▶ [Exercise description]:
Images excepted, the data below must be repeated exactly.
:: Data supplied
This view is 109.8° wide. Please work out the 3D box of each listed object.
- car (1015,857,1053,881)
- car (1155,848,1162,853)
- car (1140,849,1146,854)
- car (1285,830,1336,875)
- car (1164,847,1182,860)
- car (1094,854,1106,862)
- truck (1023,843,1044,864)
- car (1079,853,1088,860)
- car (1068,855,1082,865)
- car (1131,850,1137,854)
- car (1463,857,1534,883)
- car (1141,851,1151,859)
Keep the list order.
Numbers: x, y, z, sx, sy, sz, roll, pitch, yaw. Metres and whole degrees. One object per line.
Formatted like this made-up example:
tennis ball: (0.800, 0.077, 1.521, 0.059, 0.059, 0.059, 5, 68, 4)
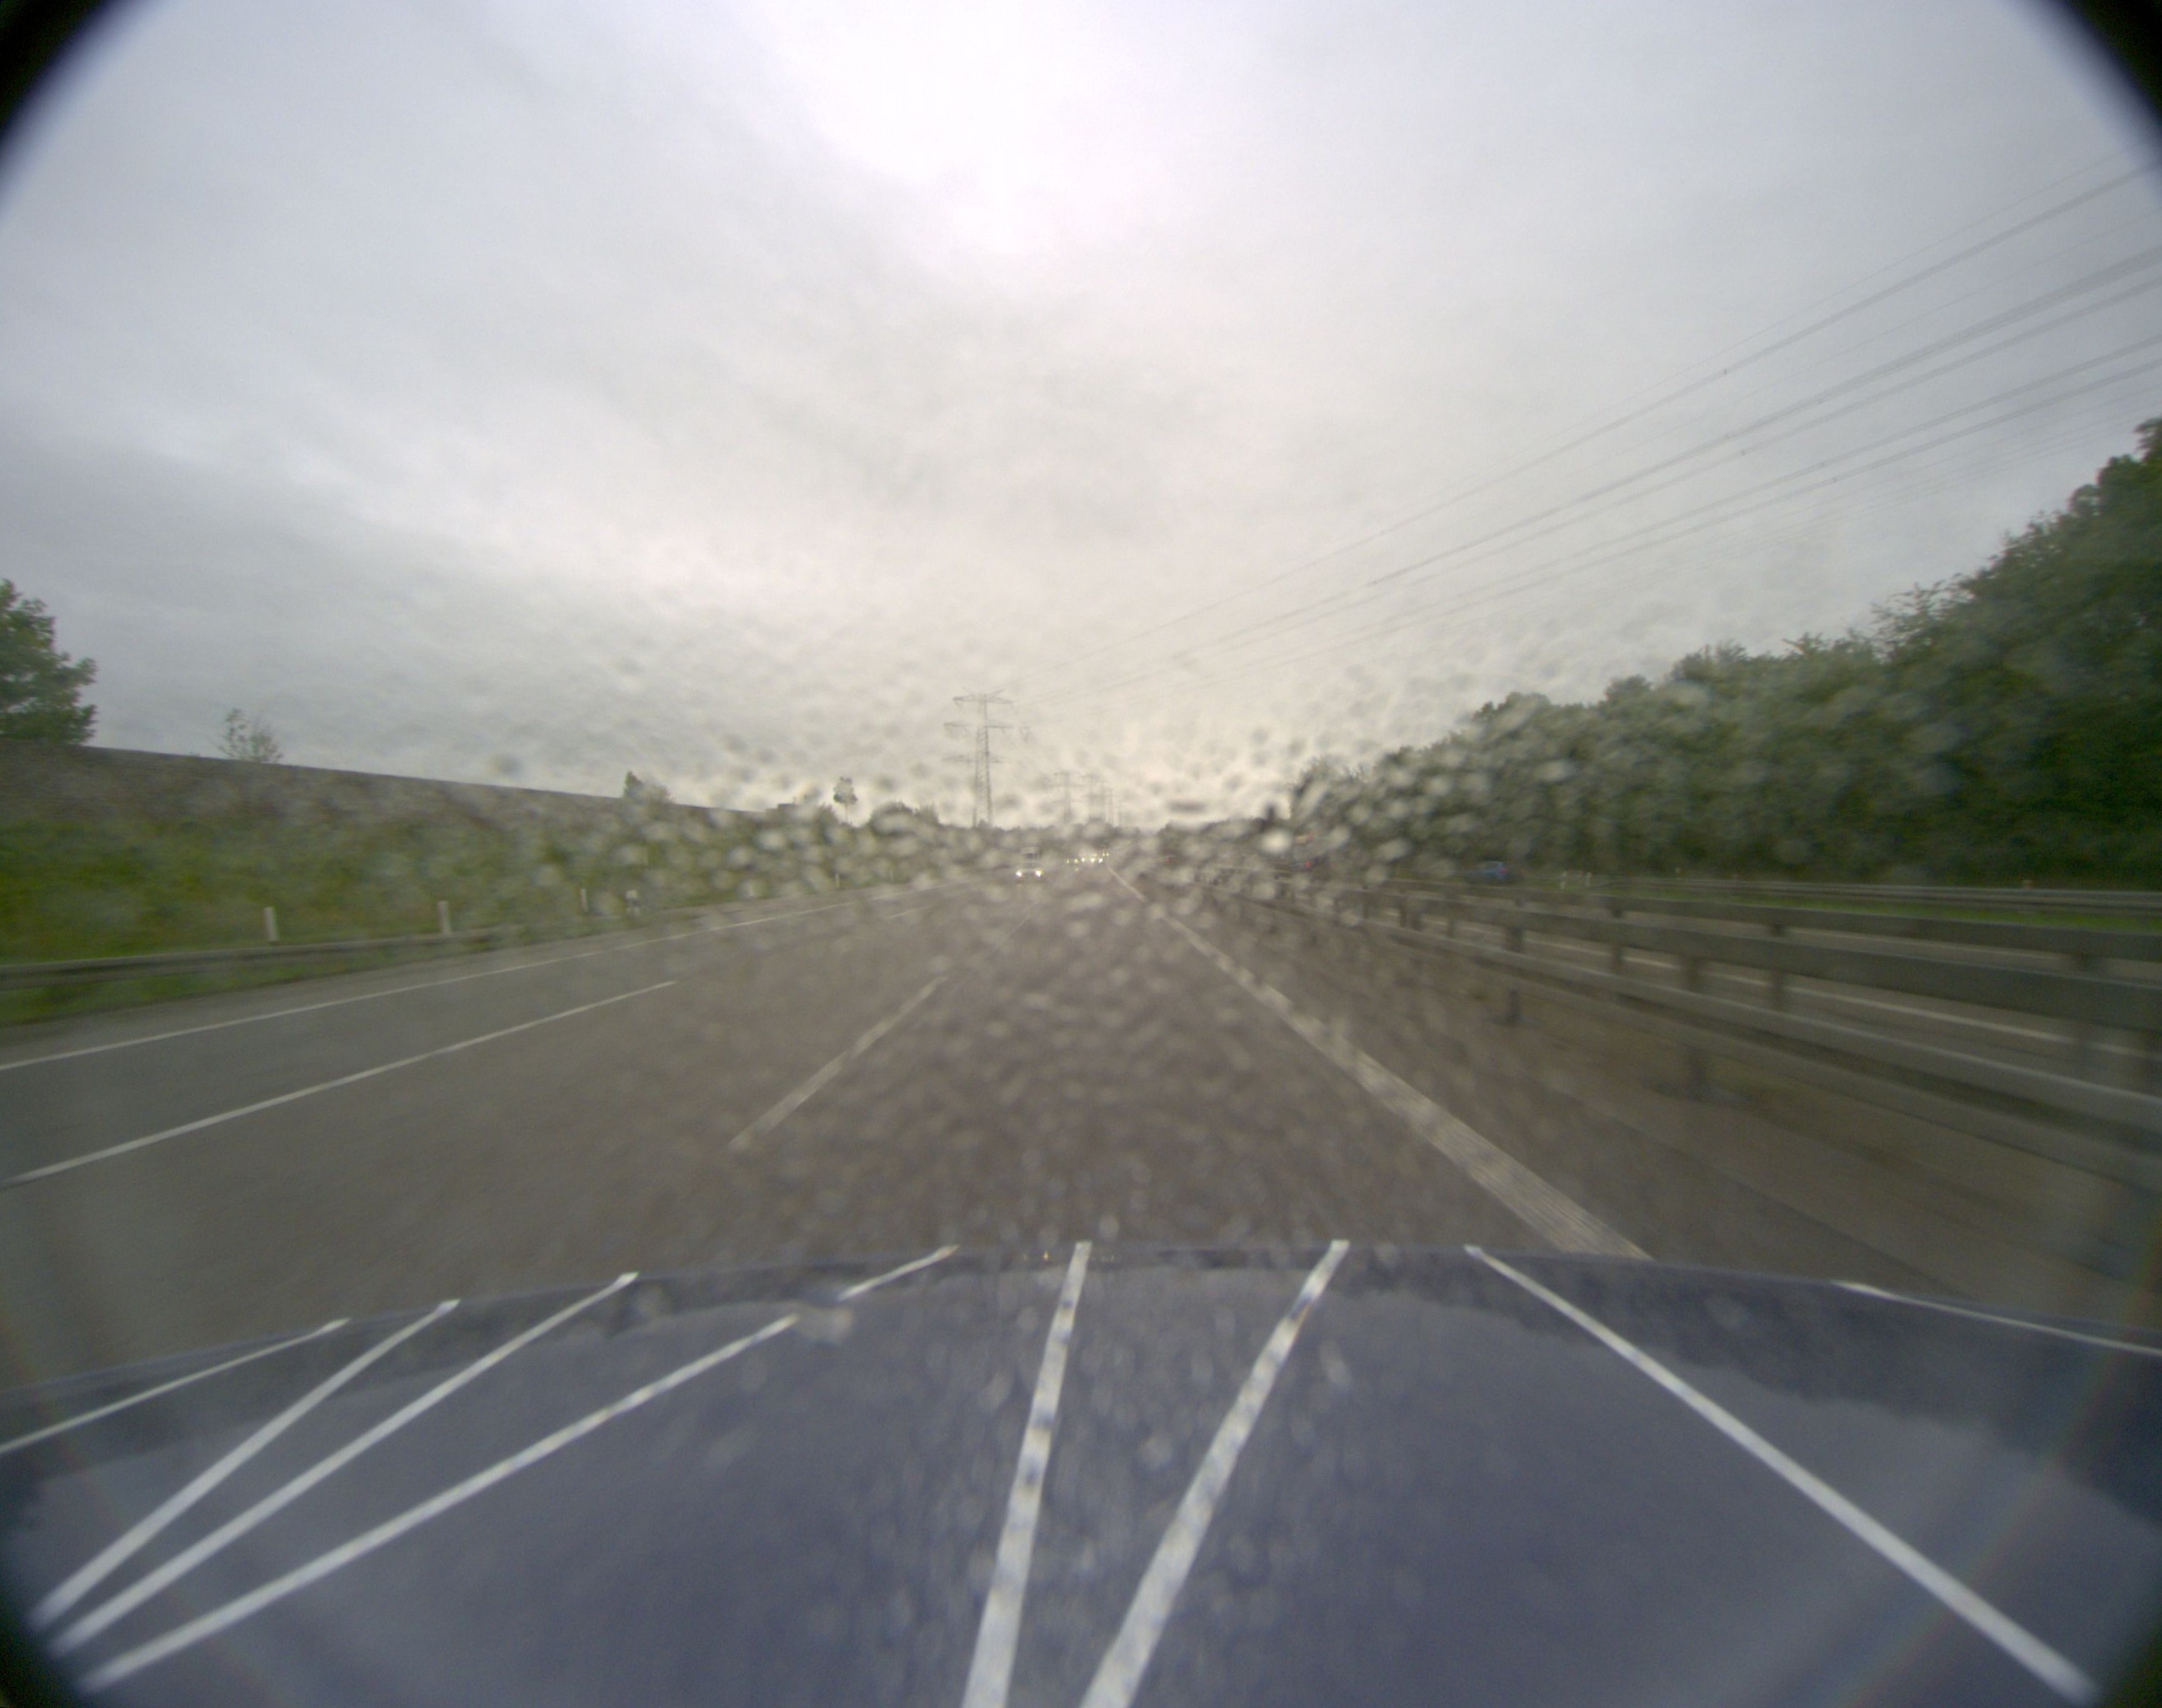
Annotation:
::::
▶ [Answer]:
This view is 109.8° wide. Please work out the 3D box of each listed object.
- car (1015,857,1053,881)
- car (1155,848,1162,853)
- car (1140,849,1146,854)
- car (1285,830,1336,875)
- car (1164,847,1182,860)
- car (1094,854,1106,862)
- truck (1023,843,1044,864)
- car (1079,853,1088,860)
- car (1068,855,1082,865)
- car (1131,850,1137,854)
- car (1463,857,1534,883)
- car (1141,851,1151,859)
Keep the list order.
Numbers: x, y, z, sx, sy, sz, roll, pitch, yaw. Metres and whole degrees. One object per line.
Formatted like this made-up example:
tennis ball: (0.800, 0.077, 1.521, 0.059, 0.059, 0.059, 5, 68, 4)
Annotation:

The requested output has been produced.